Just checking to make sure these two are female JD's. thanks

#1









#2


----------



## CjCichlid (Sep 14, 2005)

Hmm.. both look male to me. They are still relatively young though and a bit washed out. Females will usually have more blue markings/smudges under the eye and on the gill plate. If you can, post a few more pics from different angles.

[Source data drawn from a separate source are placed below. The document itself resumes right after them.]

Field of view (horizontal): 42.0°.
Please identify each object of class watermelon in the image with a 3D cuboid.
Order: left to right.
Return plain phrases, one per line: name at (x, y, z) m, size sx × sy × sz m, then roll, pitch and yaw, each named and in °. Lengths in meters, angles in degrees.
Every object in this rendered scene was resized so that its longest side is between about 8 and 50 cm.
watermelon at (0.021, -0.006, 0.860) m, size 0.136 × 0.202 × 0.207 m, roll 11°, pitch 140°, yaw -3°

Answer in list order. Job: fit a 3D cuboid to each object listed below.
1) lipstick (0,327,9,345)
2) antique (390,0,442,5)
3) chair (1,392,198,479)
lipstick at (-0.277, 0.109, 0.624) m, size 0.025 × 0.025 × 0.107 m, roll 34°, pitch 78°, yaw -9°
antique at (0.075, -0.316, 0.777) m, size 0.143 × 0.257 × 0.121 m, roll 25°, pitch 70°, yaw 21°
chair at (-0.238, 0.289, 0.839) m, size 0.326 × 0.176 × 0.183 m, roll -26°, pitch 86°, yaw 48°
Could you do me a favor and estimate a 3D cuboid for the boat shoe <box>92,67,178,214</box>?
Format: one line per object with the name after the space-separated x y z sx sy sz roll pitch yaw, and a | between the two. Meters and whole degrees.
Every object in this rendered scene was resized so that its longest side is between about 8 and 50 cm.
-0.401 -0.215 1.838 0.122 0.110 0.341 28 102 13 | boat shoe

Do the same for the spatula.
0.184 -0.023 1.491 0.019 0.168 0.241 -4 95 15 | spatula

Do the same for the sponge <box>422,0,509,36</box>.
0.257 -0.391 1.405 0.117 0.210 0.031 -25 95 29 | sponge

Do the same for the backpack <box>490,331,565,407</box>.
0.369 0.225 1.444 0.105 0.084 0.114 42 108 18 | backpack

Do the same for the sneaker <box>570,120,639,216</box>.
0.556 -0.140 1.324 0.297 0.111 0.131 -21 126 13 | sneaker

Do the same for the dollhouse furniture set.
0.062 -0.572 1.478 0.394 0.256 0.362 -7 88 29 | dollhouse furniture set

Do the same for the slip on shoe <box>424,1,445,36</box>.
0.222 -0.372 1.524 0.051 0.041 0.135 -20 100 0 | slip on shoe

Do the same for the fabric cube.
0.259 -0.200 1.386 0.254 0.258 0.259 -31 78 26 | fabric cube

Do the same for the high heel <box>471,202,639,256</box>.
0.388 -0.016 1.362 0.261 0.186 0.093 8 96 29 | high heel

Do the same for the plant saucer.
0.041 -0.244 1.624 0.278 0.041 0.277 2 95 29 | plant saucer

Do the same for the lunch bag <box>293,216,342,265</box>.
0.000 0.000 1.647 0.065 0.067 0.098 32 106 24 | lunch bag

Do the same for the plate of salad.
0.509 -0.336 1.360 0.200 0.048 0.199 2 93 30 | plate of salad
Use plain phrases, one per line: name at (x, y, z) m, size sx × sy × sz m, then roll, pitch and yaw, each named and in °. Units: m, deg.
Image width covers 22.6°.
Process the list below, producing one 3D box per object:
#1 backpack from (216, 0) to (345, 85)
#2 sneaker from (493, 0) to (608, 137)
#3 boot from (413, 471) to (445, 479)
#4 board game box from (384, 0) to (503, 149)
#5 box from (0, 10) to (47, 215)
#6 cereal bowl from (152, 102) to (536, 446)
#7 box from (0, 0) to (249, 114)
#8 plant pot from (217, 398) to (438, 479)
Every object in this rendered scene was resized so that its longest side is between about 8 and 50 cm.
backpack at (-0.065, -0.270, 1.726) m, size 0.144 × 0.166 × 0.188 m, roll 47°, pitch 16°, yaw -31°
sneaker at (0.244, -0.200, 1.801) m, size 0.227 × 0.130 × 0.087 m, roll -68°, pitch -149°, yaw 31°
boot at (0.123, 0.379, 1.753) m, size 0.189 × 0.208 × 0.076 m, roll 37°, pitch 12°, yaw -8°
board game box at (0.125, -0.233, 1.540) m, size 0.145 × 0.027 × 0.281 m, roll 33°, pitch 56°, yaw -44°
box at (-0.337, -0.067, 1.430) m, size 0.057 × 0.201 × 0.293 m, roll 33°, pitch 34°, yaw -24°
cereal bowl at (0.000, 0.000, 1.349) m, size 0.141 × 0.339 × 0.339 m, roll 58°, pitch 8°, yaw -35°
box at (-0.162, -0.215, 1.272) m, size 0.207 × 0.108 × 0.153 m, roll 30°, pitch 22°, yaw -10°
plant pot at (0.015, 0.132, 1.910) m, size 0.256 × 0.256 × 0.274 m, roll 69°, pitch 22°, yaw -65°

Here's an example of what a female usually looks like (not my pic).


----------



## steve617 (Nov 10, 2003)

Thanks Chris you may be right. I originally bought 8 BGJD fry from a breeder. I have 2 that are defiently female. They both look like the pic you posted. Can't believe I got 6 males out of 8. I just turned them in my 125 with my alfa male BGJD. Got the 2 that is defiently females with my EBJD male.


----------



## steve617 (Nov 10, 2003)

Thought I'd ad a few more pics with better color. thanks for opinions on the sexing. Also added pics of my Alpha Male.

First one possibly female. Sorry not that good of pic.









I think this is a male


















My Alpha Male


----------



## CjCichlid (Sep 14, 2005)

All still look male to me.. Good looking JDs :thumb:


----------



## djoneser (Mar 20, 2008)

All males, Look closer at the pic the CJCichlid posted, thats a female...


----------